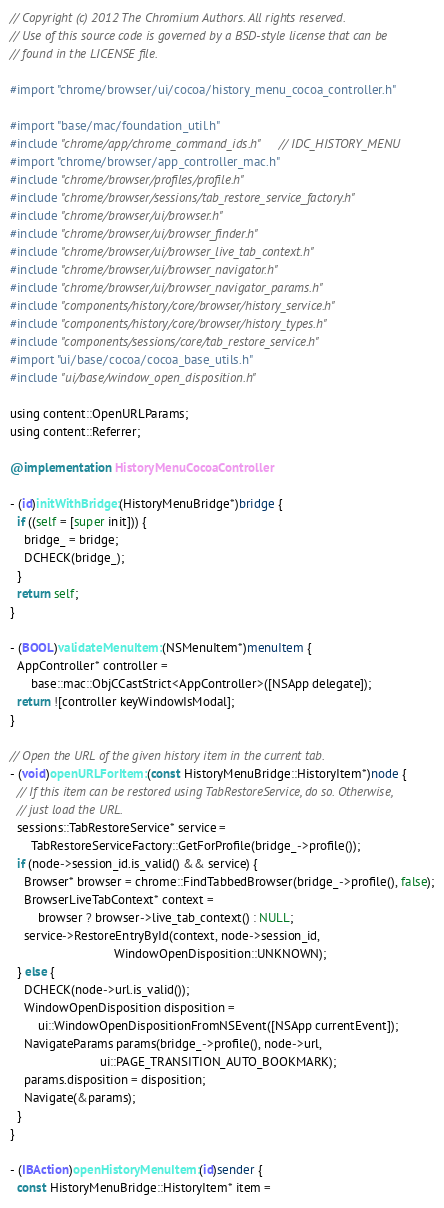<code> <loc_0><loc_0><loc_500><loc_500><_ObjectiveC_>// Copyright (c) 2012 The Chromium Authors. All rights reserved.
// Use of this source code is governed by a BSD-style license that can be
// found in the LICENSE file.

#import "chrome/browser/ui/cocoa/history_menu_cocoa_controller.h"

#import "base/mac/foundation_util.h"
#include "chrome/app/chrome_command_ids.h"  // IDC_HISTORY_MENU
#import "chrome/browser/app_controller_mac.h"
#include "chrome/browser/profiles/profile.h"
#include "chrome/browser/sessions/tab_restore_service_factory.h"
#include "chrome/browser/ui/browser.h"
#include "chrome/browser/ui/browser_finder.h"
#include "chrome/browser/ui/browser_live_tab_context.h"
#include "chrome/browser/ui/browser_navigator.h"
#include "chrome/browser/ui/browser_navigator_params.h"
#include "components/history/core/browser/history_service.h"
#include "components/history/core/browser/history_types.h"
#include "components/sessions/core/tab_restore_service.h"
#import "ui/base/cocoa/cocoa_base_utils.h"
#include "ui/base/window_open_disposition.h"

using content::OpenURLParams;
using content::Referrer;

@implementation HistoryMenuCocoaController

- (id)initWithBridge:(HistoryMenuBridge*)bridge {
  if ((self = [super init])) {
    bridge_ = bridge;
    DCHECK(bridge_);
  }
  return self;
}

- (BOOL)validateMenuItem:(NSMenuItem*)menuItem {
  AppController* controller =
      base::mac::ObjCCastStrict<AppController>([NSApp delegate]);
  return ![controller keyWindowIsModal];
}

// Open the URL of the given history item in the current tab.
- (void)openURLForItem:(const HistoryMenuBridge::HistoryItem*)node {
  // If this item can be restored using TabRestoreService, do so. Otherwise,
  // just load the URL.
  sessions::TabRestoreService* service =
      TabRestoreServiceFactory::GetForProfile(bridge_->profile());
  if (node->session_id.is_valid() && service) {
    Browser* browser = chrome::FindTabbedBrowser(bridge_->profile(), false);
    BrowserLiveTabContext* context =
        browser ? browser->live_tab_context() : NULL;
    service->RestoreEntryById(context, node->session_id,
                              WindowOpenDisposition::UNKNOWN);
  } else {
    DCHECK(node->url.is_valid());
    WindowOpenDisposition disposition =
        ui::WindowOpenDispositionFromNSEvent([NSApp currentEvent]);
    NavigateParams params(bridge_->profile(), node->url,
                          ui::PAGE_TRANSITION_AUTO_BOOKMARK);
    params.disposition = disposition;
    Navigate(&params);
  }
}

- (IBAction)openHistoryMenuItem:(id)sender {
  const HistoryMenuBridge::HistoryItem* item =</code>

==================================================

PROBLEM DESCRIPTION. Provide the count of lines in the entries above that hold the word "include", and leave out everything else.

EXERCISE RESULT. 12